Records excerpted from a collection
[Start of section]

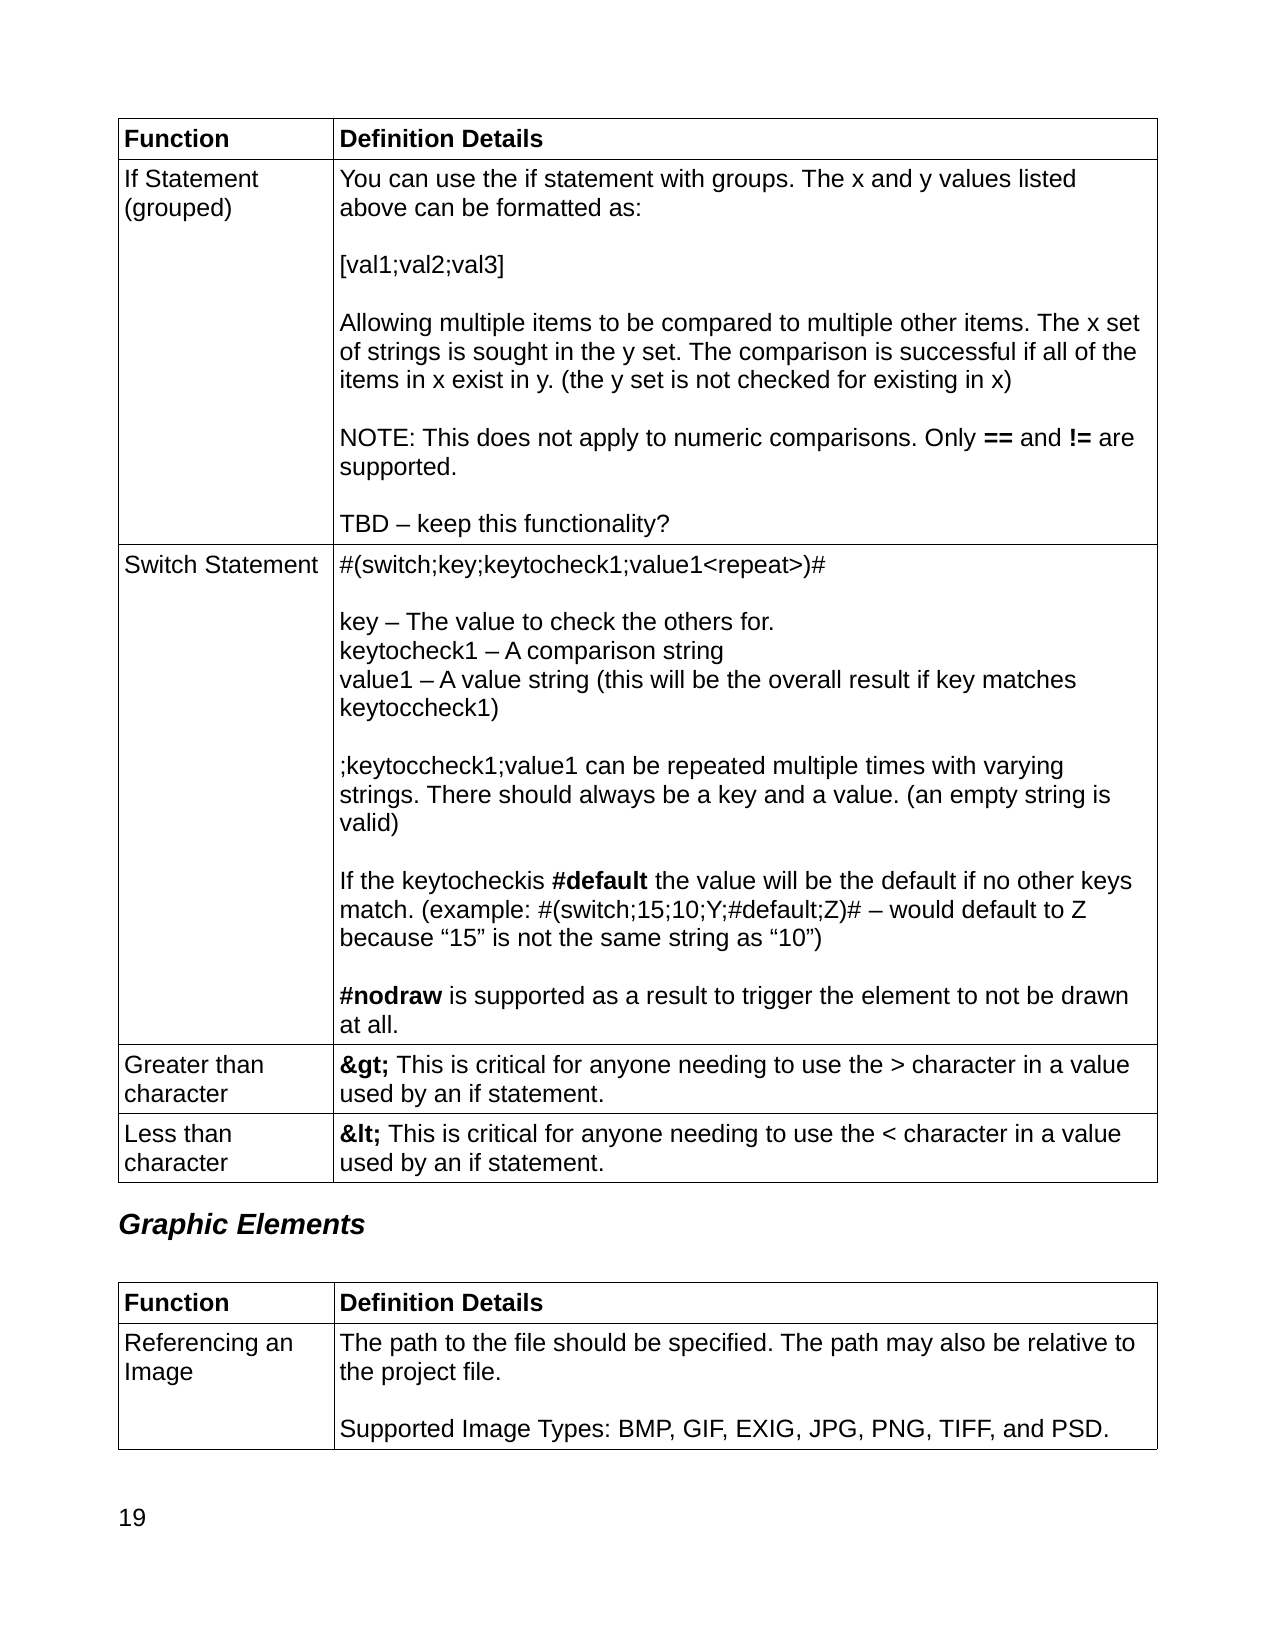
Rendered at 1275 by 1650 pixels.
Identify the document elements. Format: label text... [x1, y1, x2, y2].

table_cell &gt; This is critical for anyone needing to use the > character in a value used by an if statement. [334, 1045, 1157, 1113]
table_cell You can use the if statement with groups. The x and y values listed above can be formatted as: [val1;val2;val3] Allowing multiple items to be compared to multiple other items. The x set of strings is sought in the y set. The comparison is successful if all of the items in x exist in y. (the y set is not checked for existing in x) NOTE: This does not apply to numeric comparisons. Only == and != are supported. TBD – keep this functionality? [334, 160, 1157, 544]
table_cell The path to the file should be specified. The path may also be relative to the project file. Supported Image Types: BMP, GIF, EXIG, JPG, PNG, TIFF, and PSD. [335, 1324, 1157, 1449]
table_header Function [119, 119, 333, 158]
table_header Function [119, 1283, 334, 1322]
table_cell #(switch;key;keytocheck1;value1<repeat>)# key – The value to check the others for. keytocheck1 – A comparison string value1 – A value string (this will be the overall result if key matches keytoccheck1) ;keytoccheck1;value1 can be repeated multiple times with varying strings. There should always be a key and a value. (an empty string is valid) If the keytocheckis #default the value will be the default if no other keys match. (example: #(switch;15;10;Y;#default;Z)# – would default to Z because “15” is not the same string as “10”) #nodraw is supported as a result to trigger the element to not be drawn at all. [334, 545, 1157, 1044]
table_header Definition Details [334, 119, 1157, 158]
table_cell If Statement (grouped) [119, 160, 333, 544]
subtitle Graphic Elements [118, 1207, 1157, 1241]
table_cell Greater than character [119, 1045, 333, 1113]
table_cell Less than character [119, 1114, 333, 1182]
table_cell Referencing an Image [119, 1324, 334, 1449]
table_cell &lt; This is critical for anyone needing to use the < character in a value used by an if statement. [334, 1114, 1157, 1182]
table_cell Switch Statement [119, 545, 333, 1044]
table_header Definition Details [335, 1283, 1157, 1322]
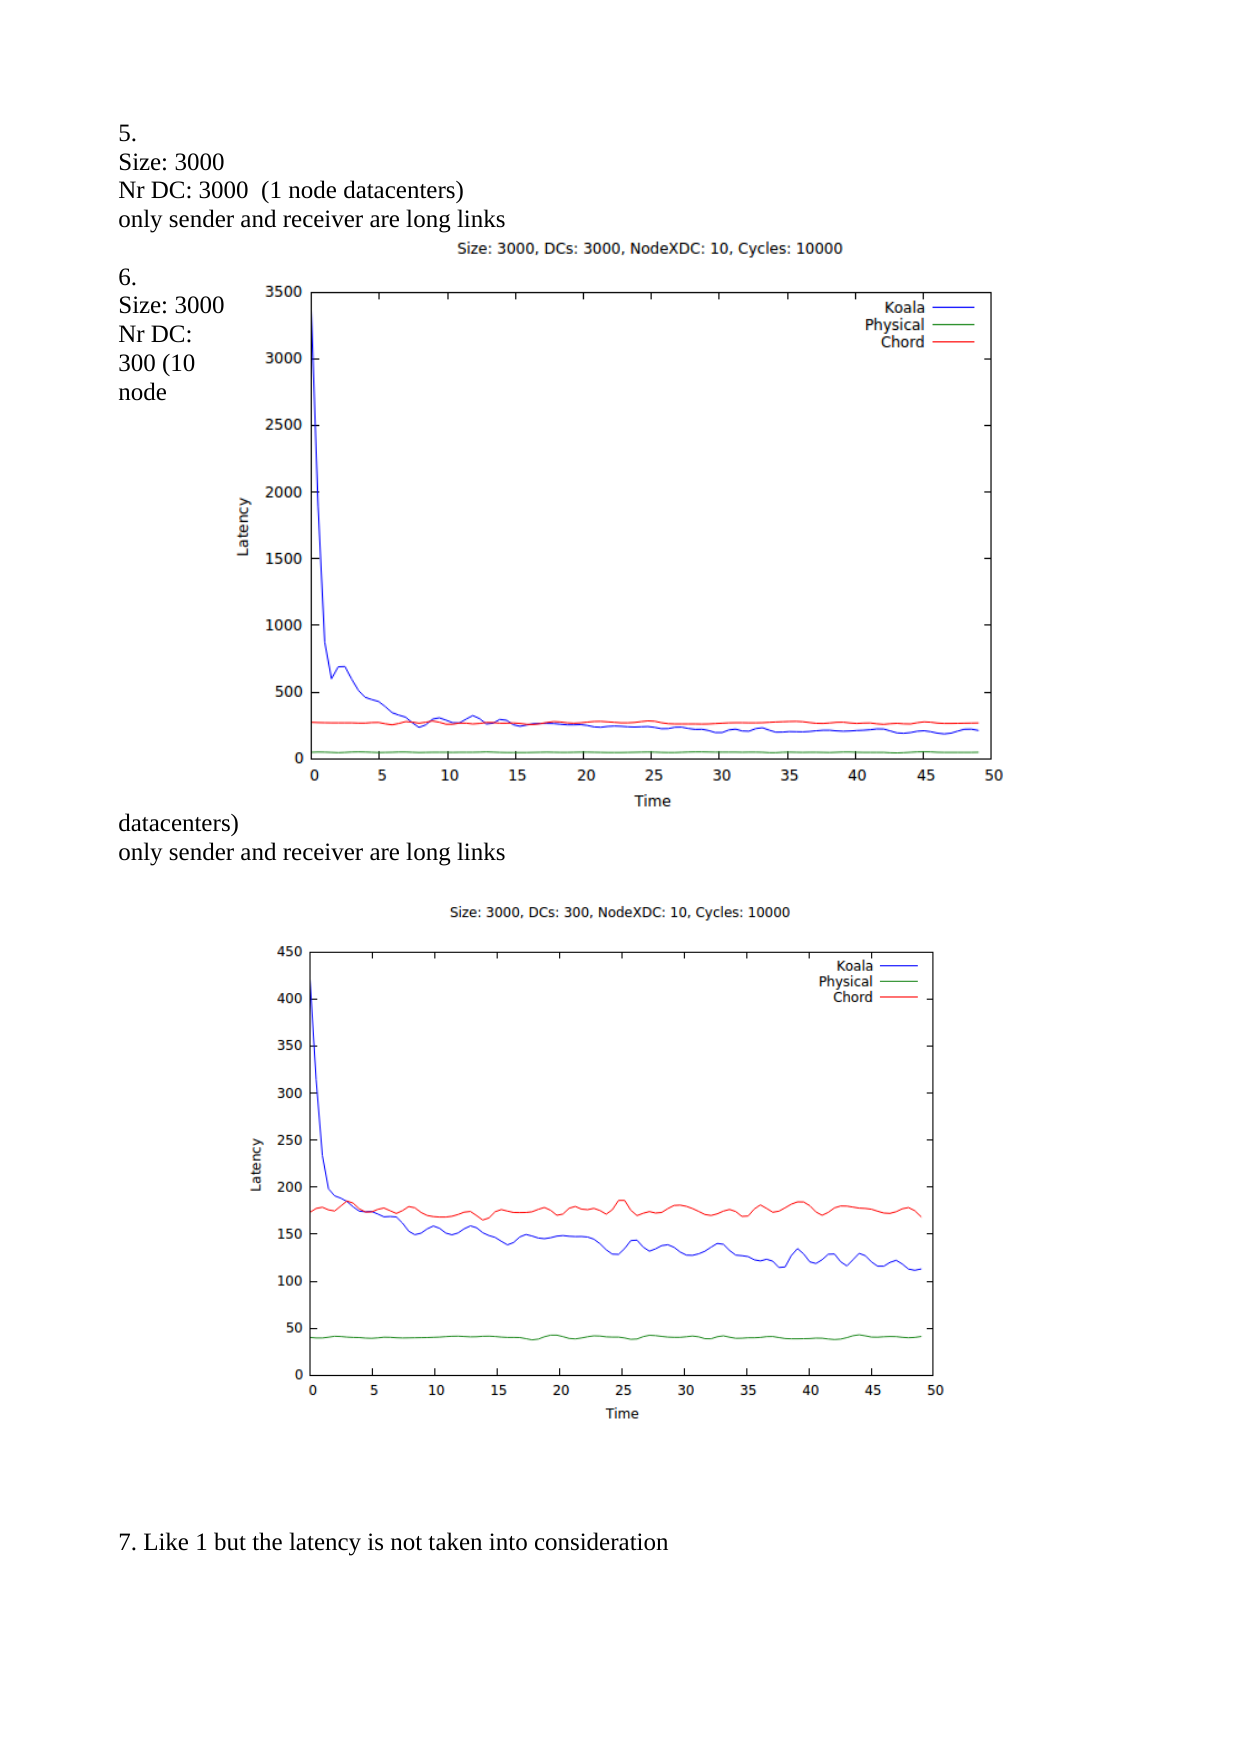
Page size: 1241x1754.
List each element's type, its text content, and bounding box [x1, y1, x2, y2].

picture [246, 897, 948, 1423]
text [1008, 291, 1122, 319]
picture [232, 233, 1008, 809]
text 5. [118, 118, 1122, 147]
text 7. Like 1 but the latency is not taken into consideration [118, 1527, 1122, 1556]
text Size: 3000 [118, 291, 232, 319]
text Nr DC: 300 (10 node datacenters) [118, 809, 1122, 837]
text [1008, 262, 1122, 291]
text only sender and receiver are long links [118, 837, 1122, 866]
text Nr DC: 3000 (1 node datacenters) [118, 176, 1122, 204]
text only sender and receiver are long links [118, 204, 1122, 233]
text 6. [118, 262, 232, 291]
text Size: 3000 [118, 147, 1122, 176]
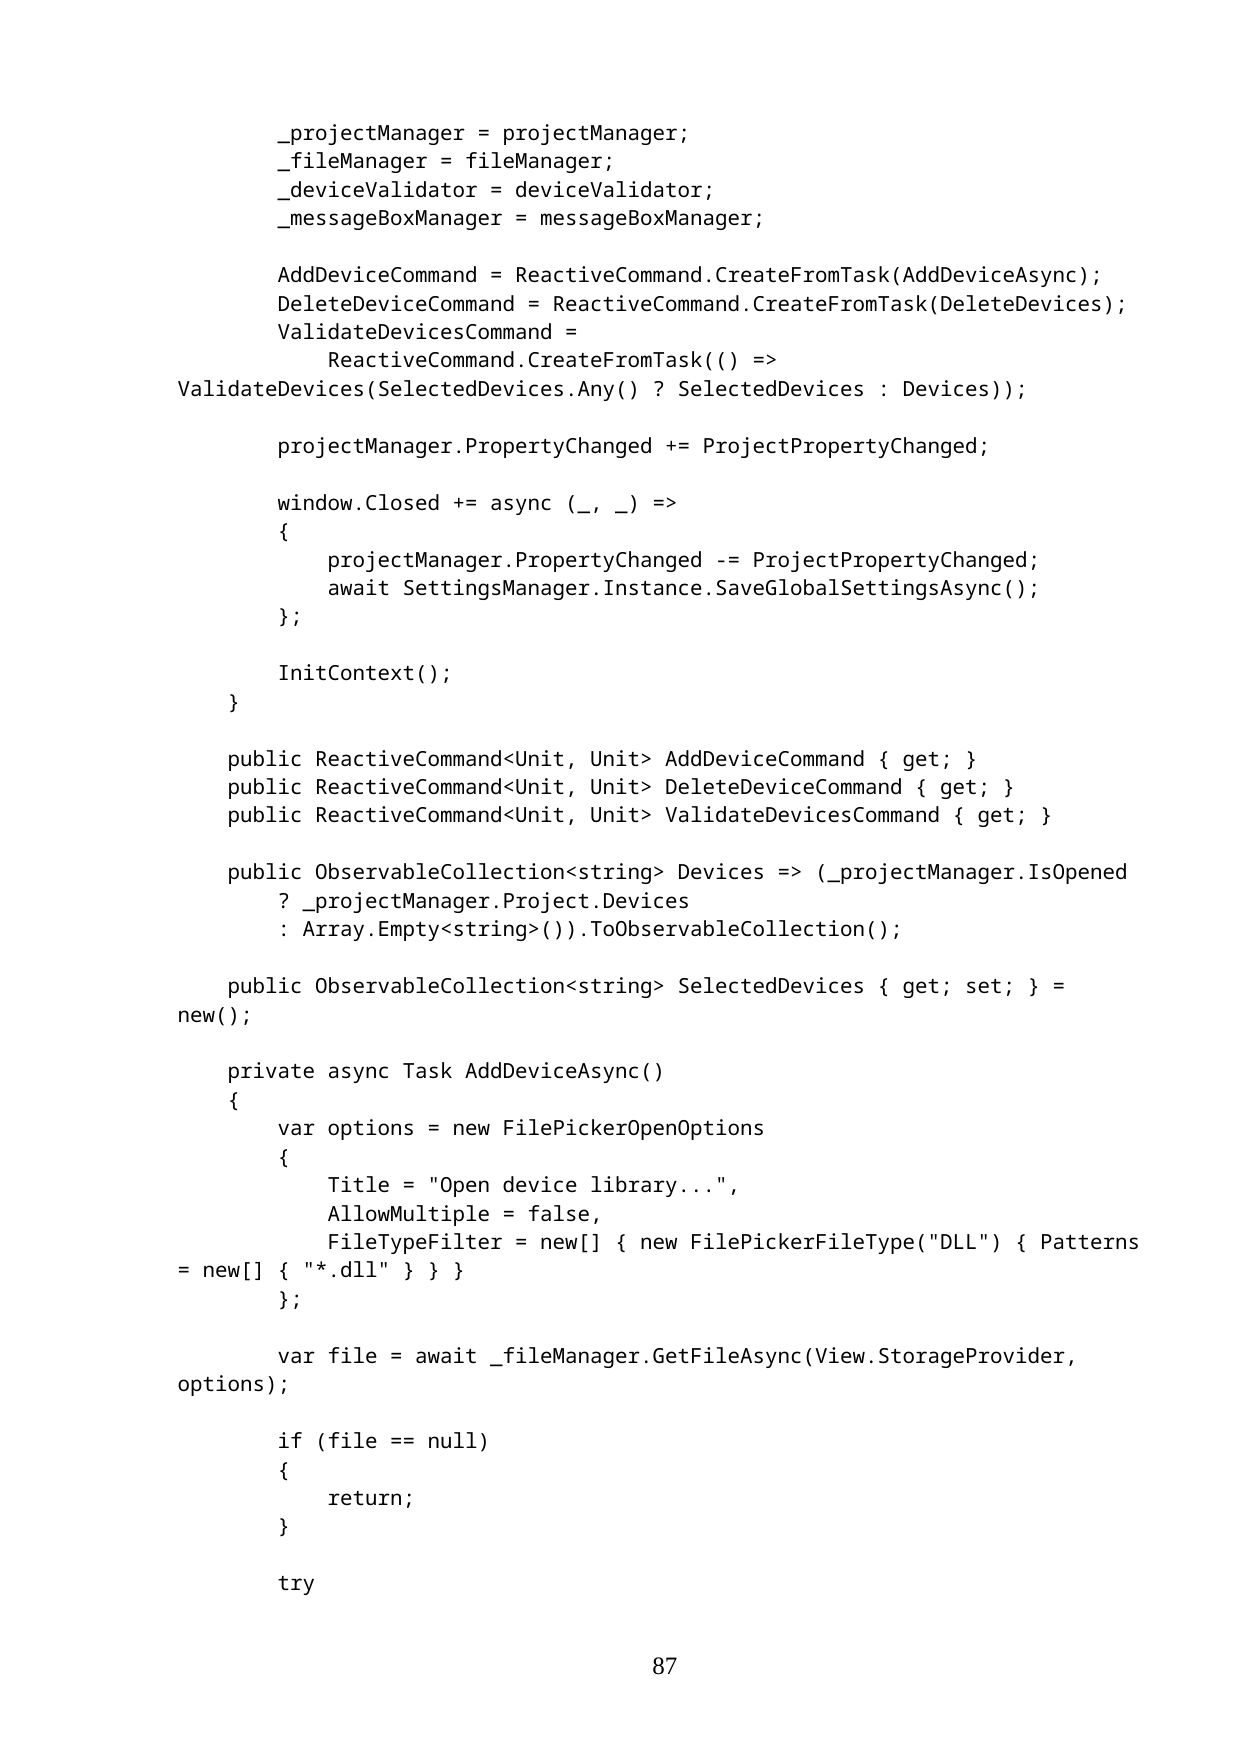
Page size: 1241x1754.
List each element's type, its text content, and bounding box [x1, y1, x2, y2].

[End of section]

## Work to be completed
Your task is a word-for-word transcription of the entries, leaving out all pictures.

## Solution to this problem
Rendered at 1275 by 1650 pixels.
Identify the document elements. Format: label text... [x1, y1, x2, y2].

table_cell &gt; This is critical for anyone needing to use the > character in a value used by an if statement. [334, 1045, 1157, 1113]
table_cell You can use the if statement with groups. The x and y values listed above can be formatted as: [val1;val2;val3] Allowing multiple items to be compared to multiple other items. The x set of strings is sought in the y set. The comparison is successful if all of the items in x exist in y. (the y set is not checked for existing in x) NOTE: This does not apply to numeric comparisons. Only == and != are supported. TBD – keep this functionality? [334, 160, 1157, 544]
table_cell The path to the file should be specified. The path may also be relative to the project file. Supported Image Types: BMP, GIF, EXIG, JPG, PNG, TIFF, and PSD. [335, 1324, 1157, 1449]
table_header Function [119, 119, 333, 158]
table_header Function [119, 1283, 334, 1322]
table_cell #(switch;key;keytocheck1;value1<repeat>)# key – The value to check the others for. keytocheck1 – A comparison string value1 – A value string (this will be the overall result if key matches keytoccheck1) ;keytoccheck1;value1 can be repeated multiple times with varying strings. There should always be a key and a value. (an empty string is valid) If the keytocheckis #default the value will be the default if no other keys match. (example: #(switch;15;10;Y;#default;Z)# – would default to Z because “15” is not the same string as “10”) #nodraw is supported as a result to trigger the element to not be drawn at all. [334, 545, 1157, 1044]
table_header Definition Details [334, 119, 1157, 158]
table_cell If Statement (grouped) [119, 160, 333, 544]
subtitle Graphic Elements [118, 1207, 1157, 1241]
table_cell Greater than character [119, 1045, 333, 1113]
table_cell Less than character [119, 1114, 333, 1182]
table_cell Referencing an Image [119, 1324, 334, 1449]
table_cell &lt; This is critical for anyone needing to use the < character in a value used by an if statement. [334, 1114, 1157, 1182]
table_cell Switch Statement [119, 545, 333, 1044]
table_header Definition Details [335, 1283, 1157, 1322]
Page size: 1241x1754.
List each element's type, its text content, and bounding box [x1, y1, x2, y2].

picture [246, 897, 948, 1423]
text [1008, 291, 1122, 319]
picture [232, 233, 1008, 809]
text 5. [118, 118, 1122, 147]
text 7. Like 1 but the latency is not taken into consideration [118, 1527, 1122, 1556]
text Size: 3000 [118, 291, 232, 319]
text Nr DC: 300 (10 node datacenters) [118, 809, 1122, 837]
text [1008, 262, 1122, 291]
text only sender and receiver are long links [118, 837, 1122, 866]
text Nr DC: 3000 (1 node datacenters) [118, 176, 1122, 204]
text only sender and receiver are long links [118, 204, 1122, 233]
text 6. [118, 262, 232, 291]
text Size: 3000 [118, 147, 1122, 176]
Page size: 1241x1754.
List each element's type, its text content, and bounding box [x1, y1, x2, y2].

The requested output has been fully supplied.